URL

https://arxiv.org/abs/2312.17172
Affiliations
- Jiasen Lu, N/A
- Christopher Clark, N/A
- Sangho Lee, N/A
- Zichen Zhang, N/A
- Savya Khosla, N/A
- Ryan Marten, N/A
- Derek Hoiem, N/A
- Aniruddha Kembhavi, N/A
  Abstract
- We present Unified-IO 2, the first autoregressive multimodal model that iscapable of understanding and generating image, text, audio, and action. Tounify different modalities, we tokenize inputs and outputs -- images, text,audio, action, bounding boxes, etc., into a shared semantic space and thenprocess them with a single encoder-decoder transformer model.
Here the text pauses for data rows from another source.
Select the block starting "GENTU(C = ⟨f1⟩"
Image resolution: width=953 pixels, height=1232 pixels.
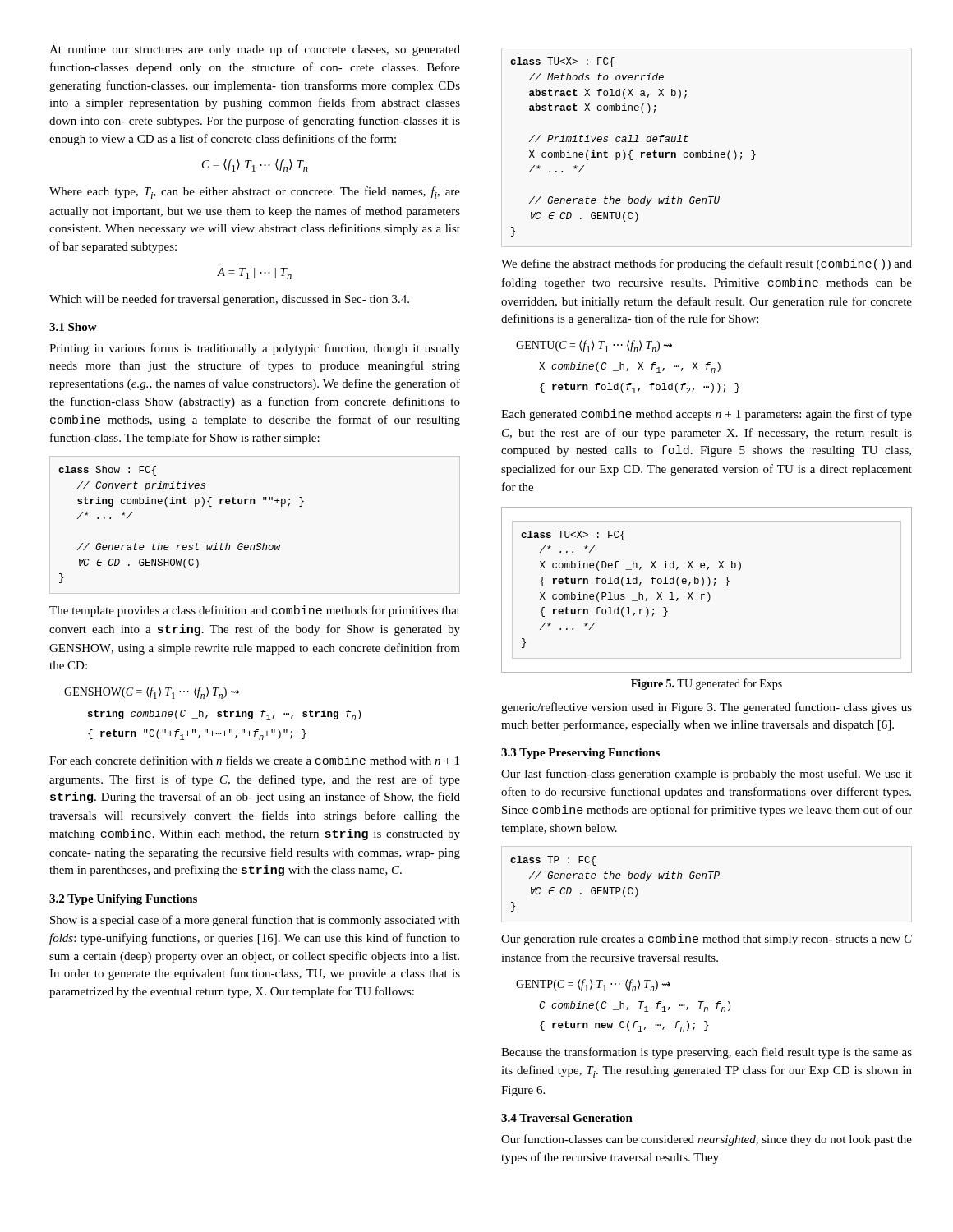coord(714,367)
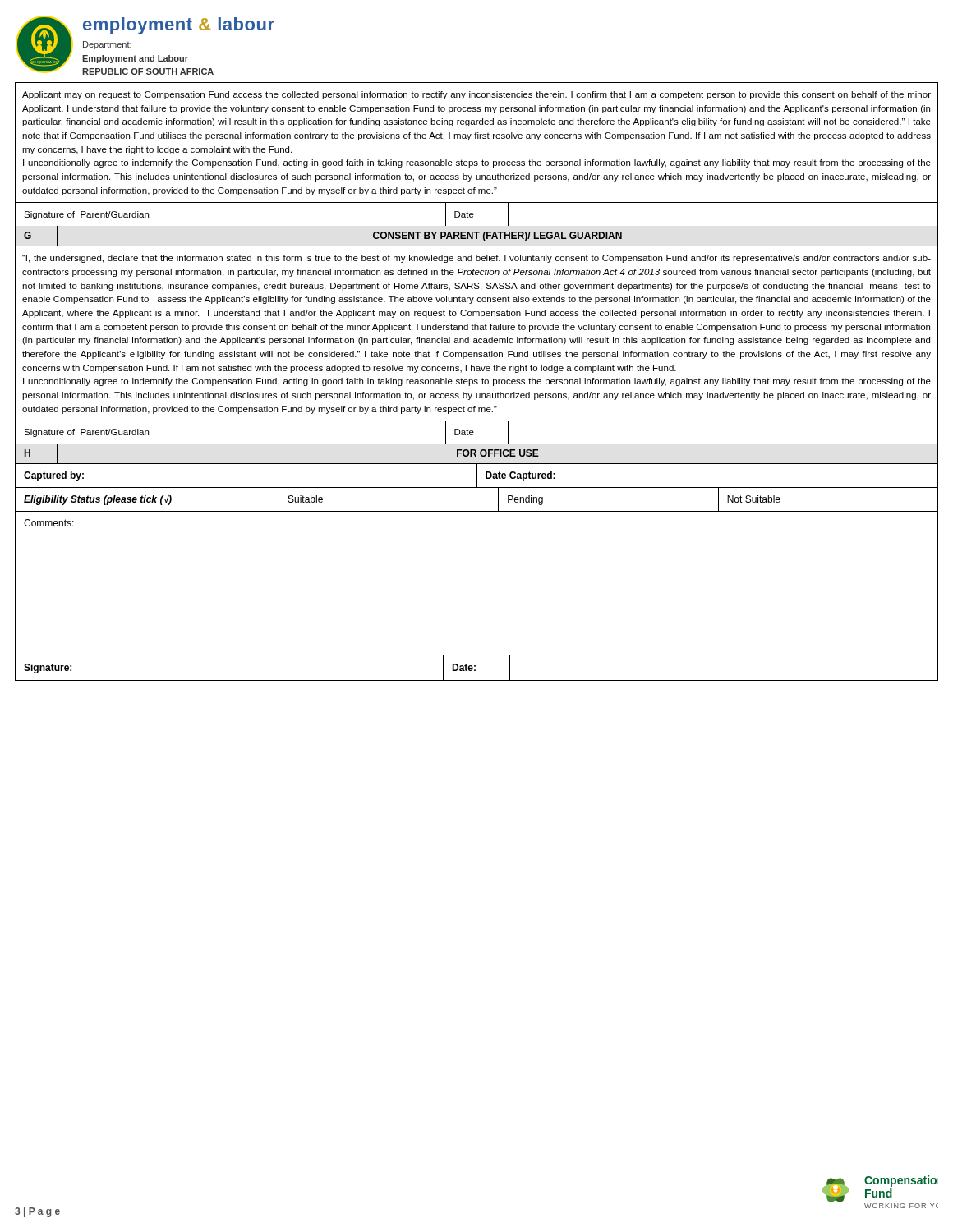This screenshot has height=1232, width=953.
Task: Locate the table with the text "Signature: Date:"
Action: click(x=476, y=669)

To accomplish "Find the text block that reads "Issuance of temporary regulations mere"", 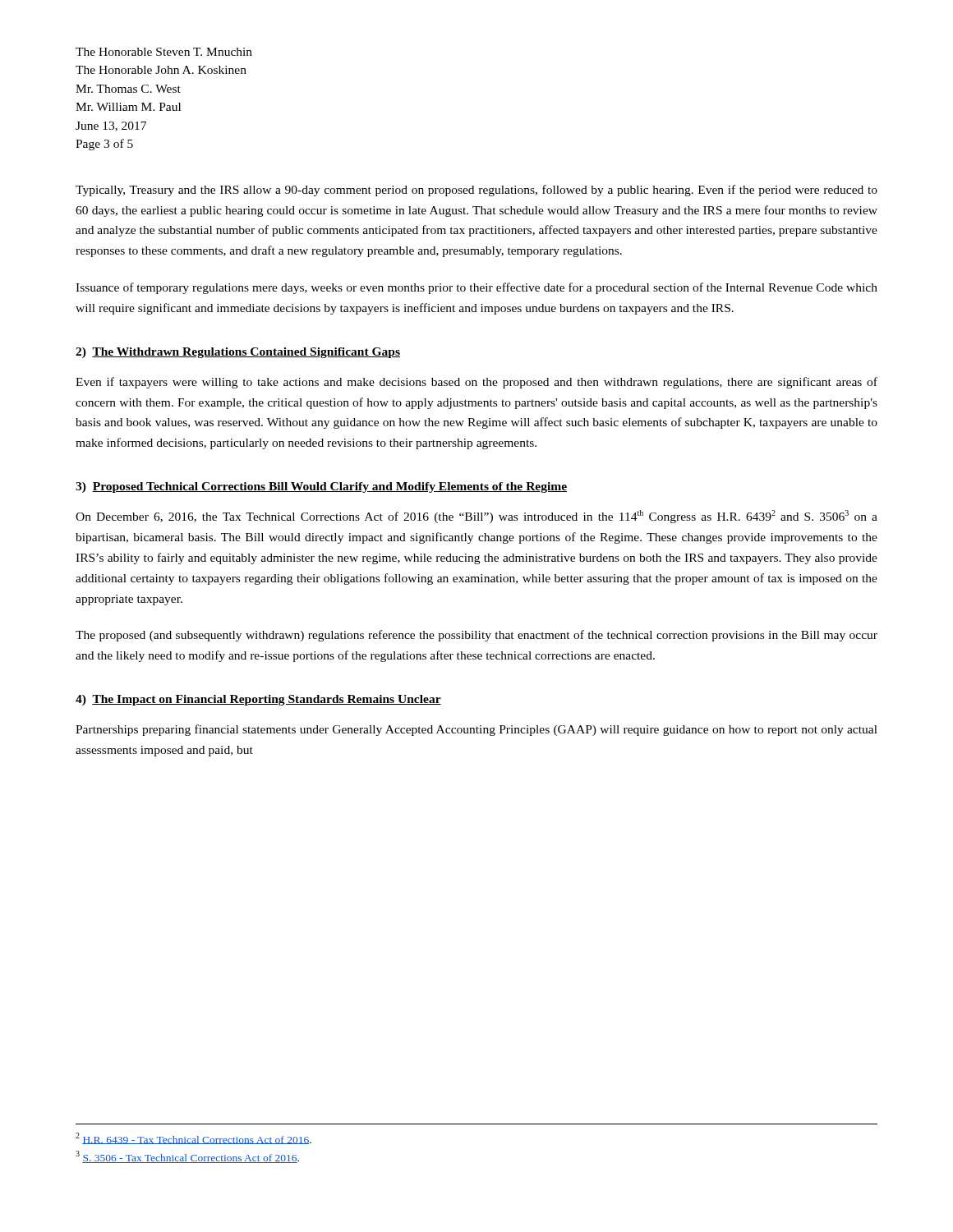I will point(476,297).

Since trainingwith such diverse modalities is challenging, we propose various architecturalimprovements to stabilize model training. We train our model from scratch on alarge multimodal pre-training corpus from diverse sources with a multimodalmixture of denoisers objective. To learn an expansive set of skills, such asfollowing multimodal instructions, we construct and finetune on an ensemble of120 datasets with prompts and augmentations. With a single unified model,Unified-IO 2 achieves state-of-the-art performance on the GRIT benchmark andstrong results in more than 35 benchmarks, including image generation andunderstanding, natural language understanding, video and audio understanding,and robotic manipulation. We release all our models to the research community.
  Translation (by gpt-3.5-turbo)
Unified-IO 2は、画像、テキスト、音声、アクションを理解し生成することができる、最初の自己回帰型のマルチモーダルモデルです。異なるモダリティを統一するために、画像、テキスト、音声、アクション、バウンディングボックスなどの入力と出力をトークン化し、共有の意味空間に配置し、単一のエンコーダ・デコーダトランスフォーマーモデルで処理します。このような多様なモダリティでのトレーニングは困難ですので、モデルのトレーニングを安定化させるために、さまざまなアーキテクチャの改善を提案しています。私たちは、多様なソースからの大規模なマルチモーダルな事前トレーニングコーパスを用いて、マルチモーダルなノイズ除去の目的の混合モデルで、モデルをゼロからトレーニングします。マルチモーダルな指示の従うなどの幅広いスキルを学ぶために、120のデータセットのアンサンブルを構築し、プロンプトと拡張を行って微調整します。単一の統一モデルで、Unified-IO 2はGRITベンチマークで最先端のパフォーマンスを達成し、画像生成と理解、自然言語理解、ビデオと音声理解、ロボットの操作など、35以上のベンチマークで強力な結果を出します。私たちは、すべてのモデルを研究コミュニティに公開しています。
Summary (by gpt-3.5-turbo)
Unified-IO 2は、最初の自己回帰型のマルチモーダルモデルであり、画像、テキスト、音声、アクションを理解し生成することができます。異なるモダリティを統一するために、共有の意味空間に入力と出力を配置し、単一のエンコーダ・デコーダトランスフォーマーモデルで処理します。さまざまなアーキテクチャの改善を提案し、大規模なマルチモーダルな事前トレーニングコーパスを使用してモデルをトレーニングします。Unified-IO 2は、GRITベンチマークを含む35以上のベンチマークで最先端のパフォーマンスを発揮します。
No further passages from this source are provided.